Only in Oklahoma: Aunt Chick’s husband didn’t bank on column
When one of the Tulsa World’s most popular columns began in 1935, the author didn’t tell her husband about it — until after he read her first column in the newspaper.
“That crazy woman will start a run on the bank if people think she has to work!” Sam McBirney shouted as he jumped up from the breakfast table and headed upstairs to confront his wife. The “World’s Kitchen Log” column hadn’t used her full name — just Aunt Chick — but most knew Aunt Chick was Nettie McBirney, the banker’s wife. It was 1935 and the nation was in the midst of the Depression.
McBirney was vice president of the National Bank of Commerce that his family founded about 1908. Aunt Chick’s column taught a lot of people a lot about cooking: how to make good pie crusts, how to keep pie dough from sticking to rolling pins, how to keep the bottom crusts of fruit pies from being soggy and how to keep meringue from weeping. But McBirney’s fears were unfounded — it didn’t start a run on the McBirney bank. Aunt Chick had graduated from Stout Institute in Menomonie, Wis., a school that taught only home economics, and she came to Claremore in 1909 to teach that subject. Two years later, she became supervisor of home economics at Muskogee schools. She came to Tulsa in 1916 as the wife of McBirney, who was the coach of the University of Tulsa football team.
While writing her Kitchen Log column for the next 20 years, Aunt Chick also found time to write several cookbooks, most of which dealt with pies and other desserts. She also invented a pastry canvas and a cookie cutter that is still in demand. She began demonstrating cooking methods, first at Vandever’s Department Store, and later at other stores in Tulsa and in many other parts of the country. And learned a lot about cooking in the process. The women themselves developed the demonstrations with their questions, and she listened to everyone wherever she went but didn’t take anyone’s word for their recipes.
In a 1973 interview, Aunt Chick recalled meeting a woman who claimed her recipe for lemon pie was the best there was. “I took the recipe and tried it and agreed,” she said. At one of the demonstrations, she mentioned that everyone had trouble with weeping meringues — but a young woman in the audience told her she didn’t have any trouble. Aunt Chick had suggested that the pies should be baked in an oven with a temperature no higher than 325 degrees. But the young woman said she didn’t have a thermometer and never knew the temperature of her oven. She added that she couldn’t even shut the door on her oven. That was the answer to the meringue problem. “I’d stumbled onto the secret — no more weepy meringues — just leave the door open about an inch and it’ll work like magic,” she said. Aunt Chick’s first inventions were the pastry canvas, treated with a chemical, and a rolling-pin cover that prevented noodles, cookies, and pie crusts from sticking.
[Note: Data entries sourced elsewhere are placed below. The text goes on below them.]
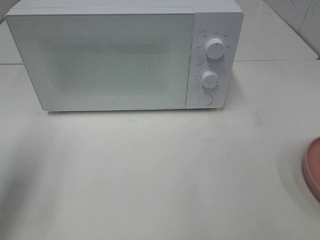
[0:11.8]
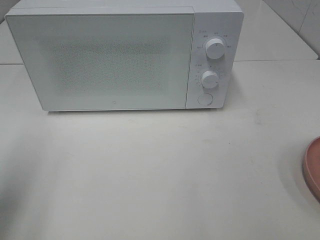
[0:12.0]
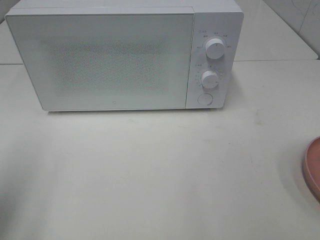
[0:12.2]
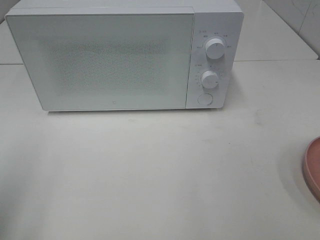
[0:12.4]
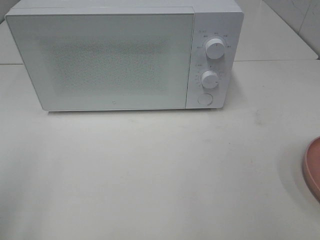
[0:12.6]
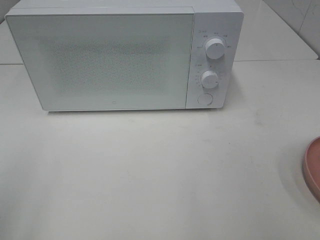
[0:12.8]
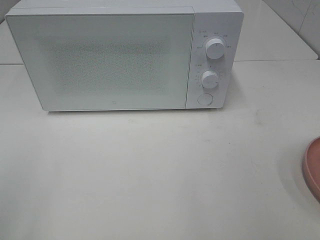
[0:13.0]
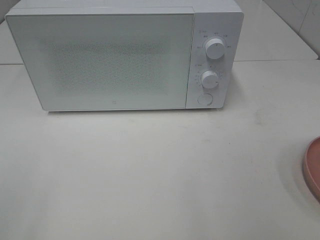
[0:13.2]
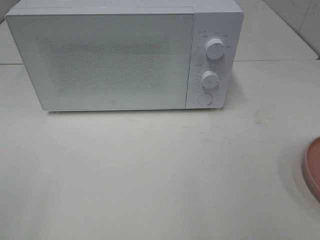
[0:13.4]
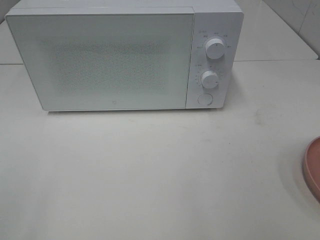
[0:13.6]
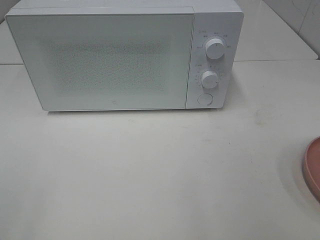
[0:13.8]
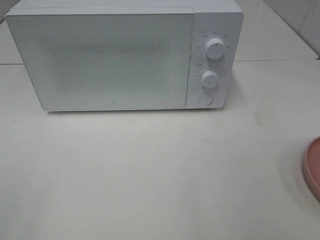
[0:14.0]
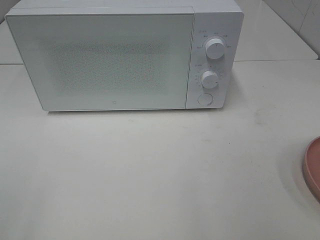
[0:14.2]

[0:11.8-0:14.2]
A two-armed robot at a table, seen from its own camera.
Task of the whole recording: Heat the burger.
11.8 to 13.0 s: The left gripper heads backward, covering roughly 15 cm.

She later developed a heavy steel pie pan and the “Crispy Crust” pie pan that promised perfect bottom crusts on pies. Although she also developed several other kitchen gadgets, the item for which she was most famous was the device now known as Gramma’s Cutter, designed to help the cookie dough slide out of the forms. They are still available. Aunt Chick included a recipe and some sage advice in every cookie-cutter box: such as “If you don’t follow directions, Heaven help you.” or “Don’t have a neighbor show you how to do these, because you must follow these instructions.”
When Aunt Chick moved into a retirement home in 1973, she donated her collection of about 1,000 cookbooks to the Tulsa City-County Library. She had been collecting the books since 1913. Moving into a retirement home didn’t stop her cooking demonstrations; it just changed the venue. She presented her demonstrations to other residents of the center, where she died in 1982. Aunt Chick once told a World reporter that when she decided she wanted to begin writing a cooking column, she approached World Editor N.G. Henthorne offered to pay her $15 a week for the column that appeared Tuesday through Friday on the newspaper’s society page and on Saturday in a food shopping guide. She accepted. But, she added, “I would have written about good cooking for free.”